Your assignment>
Transcribe, word for word, all of the entries below, and exclude any pictures from the copy.

[Available records]

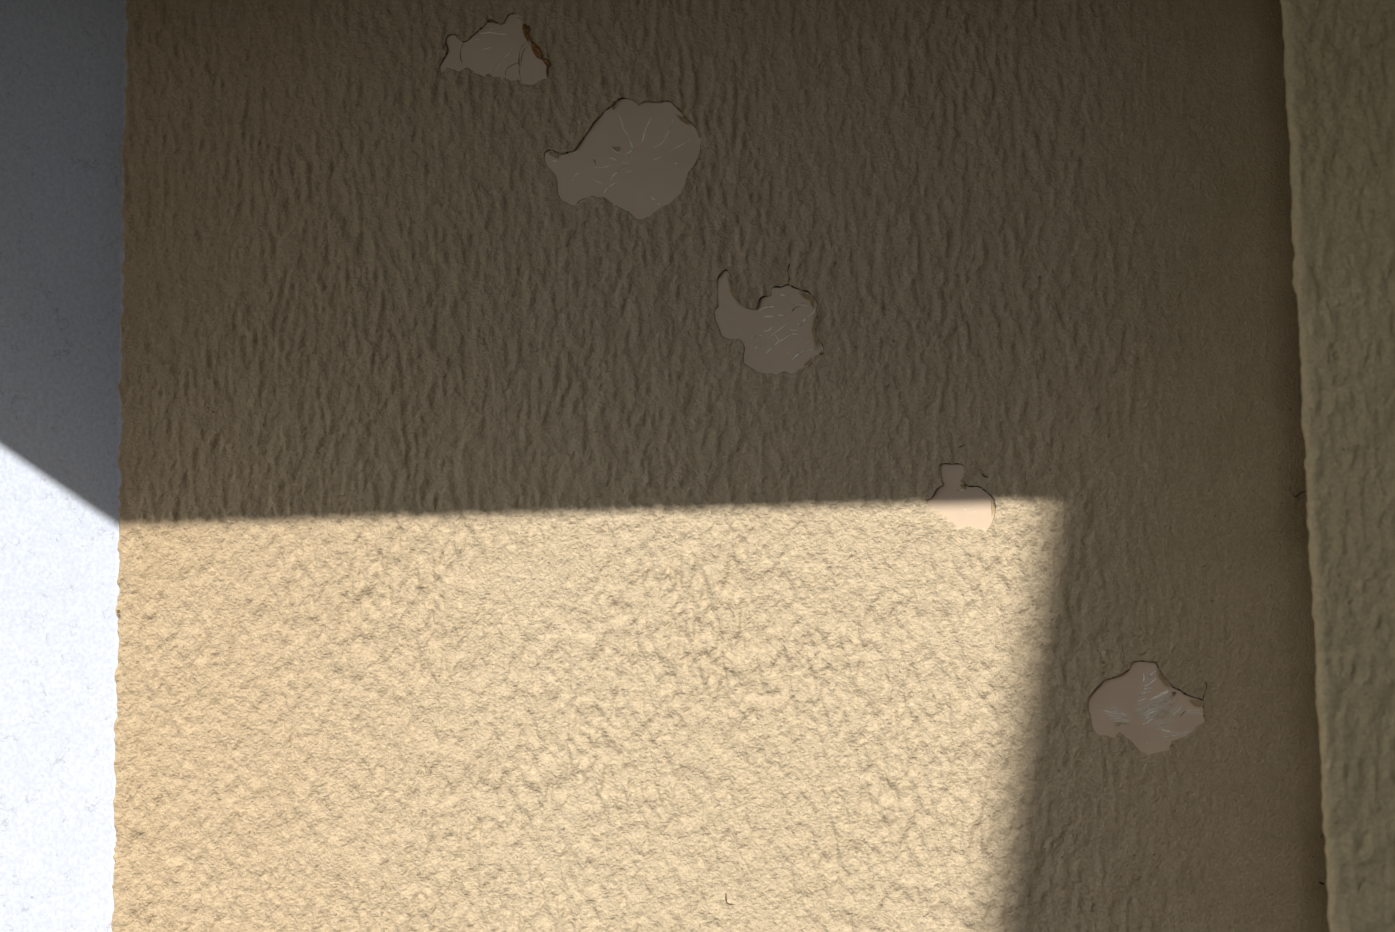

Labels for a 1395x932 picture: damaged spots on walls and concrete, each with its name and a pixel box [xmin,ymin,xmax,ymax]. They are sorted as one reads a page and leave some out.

peeling [440,13,550,85]
peeling [545,98,703,219]
peeling [714,264,824,375]
peeling [927,463,996,529]
peeling [1088,660,1207,755]

[/Available records]

Answer>
Labels for a 1395x932 picture: damaged spots on walls and concrete, each with its name and a pixel box [xmin,ymin,xmax,ymax]. They are sorted as one reads a page and leave some out.

peeling [440,13,550,85]
peeling [545,98,703,219]
peeling [714,264,824,375]
peeling [927,463,996,529]
peeling [1088,660,1207,755]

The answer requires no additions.